*** Block opens ***

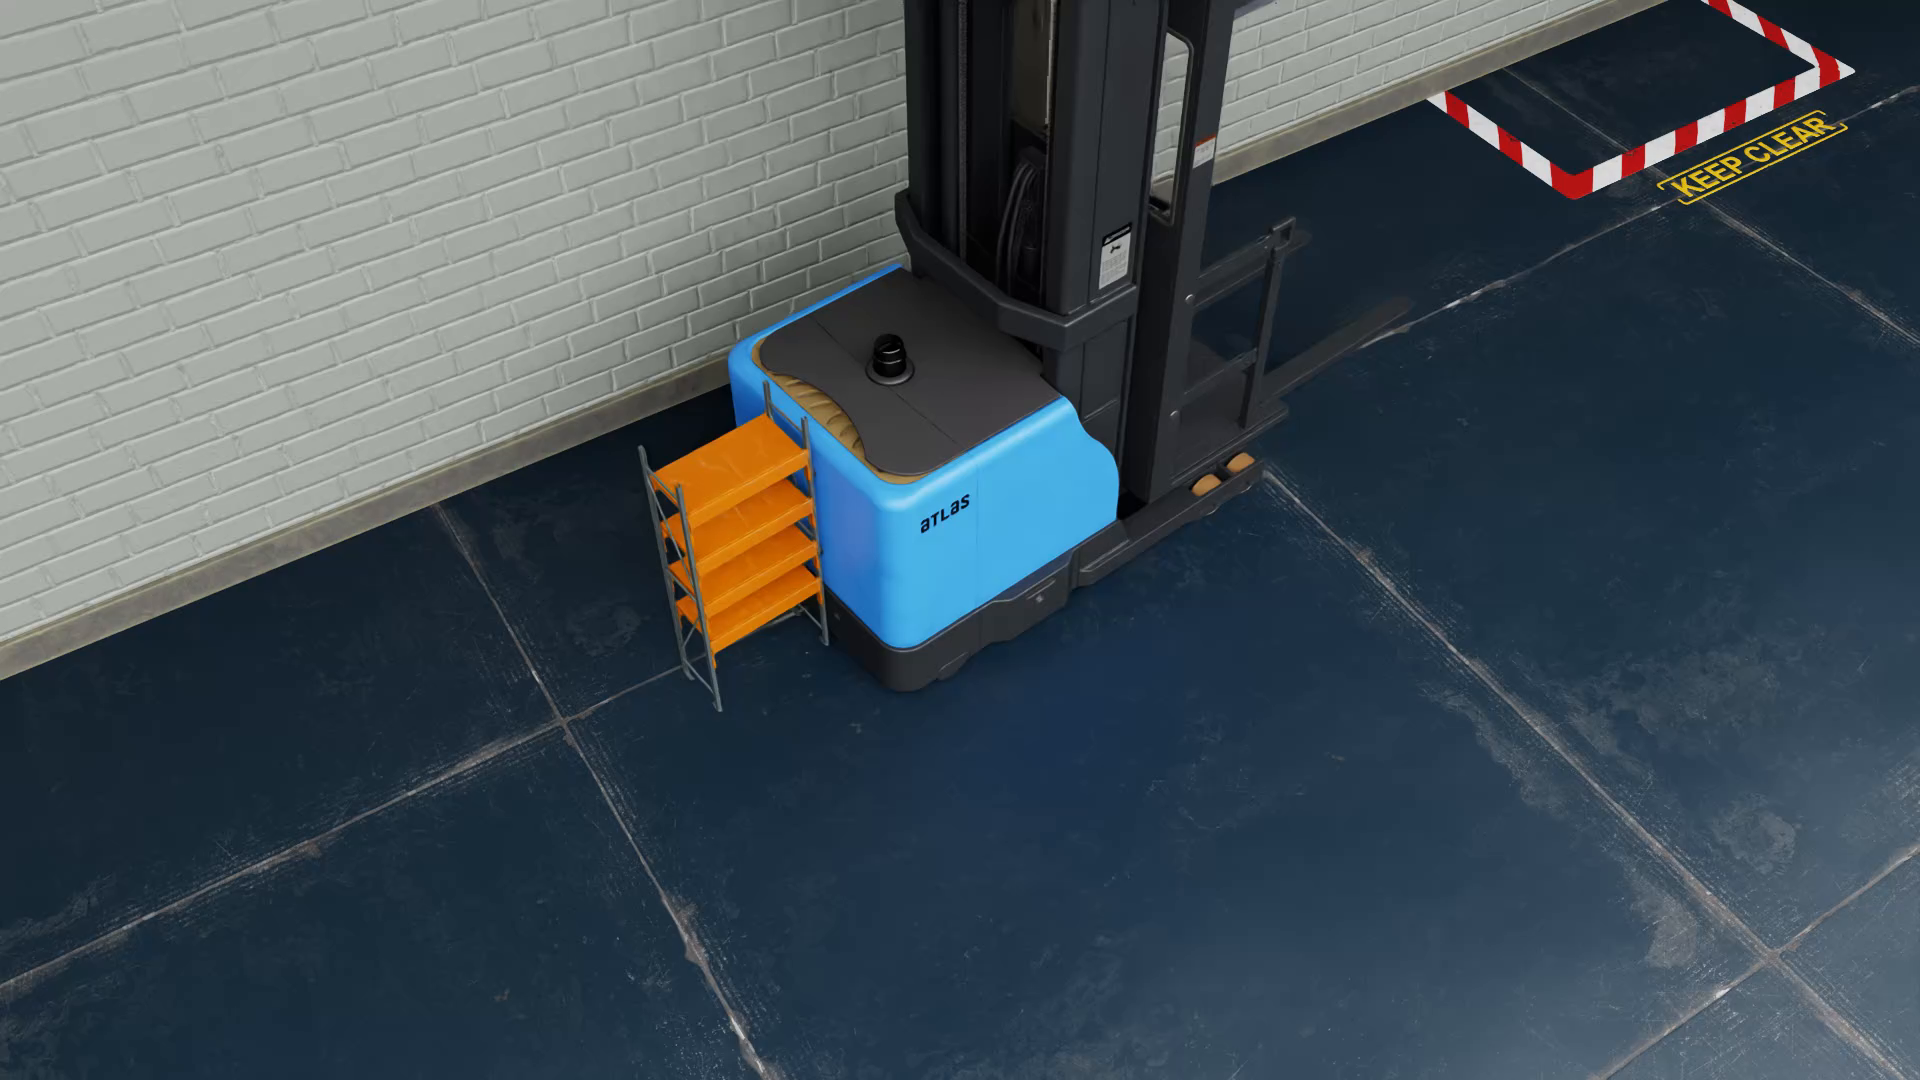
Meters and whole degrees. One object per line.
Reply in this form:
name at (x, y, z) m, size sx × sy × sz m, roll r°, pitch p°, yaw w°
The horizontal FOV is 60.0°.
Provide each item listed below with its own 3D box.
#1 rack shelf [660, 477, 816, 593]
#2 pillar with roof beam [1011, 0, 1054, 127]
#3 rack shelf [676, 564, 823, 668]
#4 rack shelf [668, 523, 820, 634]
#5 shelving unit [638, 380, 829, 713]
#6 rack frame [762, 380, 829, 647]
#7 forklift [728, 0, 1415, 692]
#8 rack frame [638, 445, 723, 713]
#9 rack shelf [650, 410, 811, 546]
rack shelf at (-0.768, -0.054, 5.731) m, size 0.480 × 0.148 × 0.258 m, roll -31°, pitch 55°, yaw -25°
pillar with roof beam at (2.745, -1.549, 2.049) m, size 0.400 × 9.000 × 9.100 m, roll -25°, pitch 53°, yaw -21°
rack shelf at (-0.768, 0.227, 6.046) m, size 0.480 × 0.148 × 0.258 m, roll -31°, pitch 55°, yaw -25°
rack shelf at (-0.768, 0.095, 5.898) m, size 0.480 × 0.148 × 0.258 m, roll -31°, pitch 55°, yaw -25°
shelving unit at (-0.768, 0.050, 5.848) m, size 0.503 × 1.200 × 0.258 m, roll -31°, pitch 55°, yaw -25°
rack frame at (-0.579, -0.065, 5.950) m, size 0.015 × 1.200 × 0.240 m, roll -31°, pitch 55°, yaw -25°
forklift at (0.623, -1.355, 5.939) m, size 3.031 × 2.935 × 1.130 m, roll -31°, pitch 55°, yaw -25°
rack frame at (-0.957, 0.165, 5.745) m, size 0.015 × 1.200 × 0.240 m, roll -31°, pitch 55°, yaw -25°
rack shelf at (-0.768, -0.212, 5.554) m, size 0.480 × 0.148 × 0.258 m, roll -31°, pitch 55°, yaw -25°

*** Block closes ***

TASK GOAL
Each line from the one with "#1 rack shelf [660, 477, 816, 593]" through the end of the entries above must be set down exactly, both end lines included, and no other line may appear.

RESULT FOR THIS EXERCISE
#1 rack shelf [660, 477, 816, 593]
#2 pillar with roof beam [1011, 0, 1054, 127]
#3 rack shelf [676, 564, 823, 668]
#4 rack shelf [668, 523, 820, 634]
#5 shelving unit [638, 380, 829, 713]
#6 rack frame [762, 380, 829, 647]
#7 forklift [728, 0, 1415, 692]
#8 rack frame [638, 445, 723, 713]
#9 rack shelf [650, 410, 811, 546]
rack shelf at (-0.768, -0.054, 5.731) m, size 0.480 × 0.148 × 0.258 m, roll -31°, pitch 55°, yaw -25°
pillar with roof beam at (2.745, -1.549, 2.049) m, size 0.400 × 9.000 × 9.100 m, roll -25°, pitch 53°, yaw -21°
rack shelf at (-0.768, 0.227, 6.046) m, size 0.480 × 0.148 × 0.258 m, roll -31°, pitch 55°, yaw -25°
rack shelf at (-0.768, 0.095, 5.898) m, size 0.480 × 0.148 × 0.258 m, roll -31°, pitch 55°, yaw -25°
shelving unit at (-0.768, 0.050, 5.848) m, size 0.503 × 1.200 × 0.258 m, roll -31°, pitch 55°, yaw -25°
rack frame at (-0.579, -0.065, 5.950) m, size 0.015 × 1.200 × 0.240 m, roll -31°, pitch 55°, yaw -25°
forklift at (0.623, -1.355, 5.939) m, size 3.031 × 2.935 × 1.130 m, roll -31°, pitch 55°, yaw -25°
rack frame at (-0.957, 0.165, 5.745) m, size 0.015 × 1.200 × 0.240 m, roll -31°, pitch 55°, yaw -25°
rack shelf at (-0.768, -0.212, 5.554) m, size 0.480 × 0.148 × 0.258 m, roll -31°, pitch 55°, yaw -25°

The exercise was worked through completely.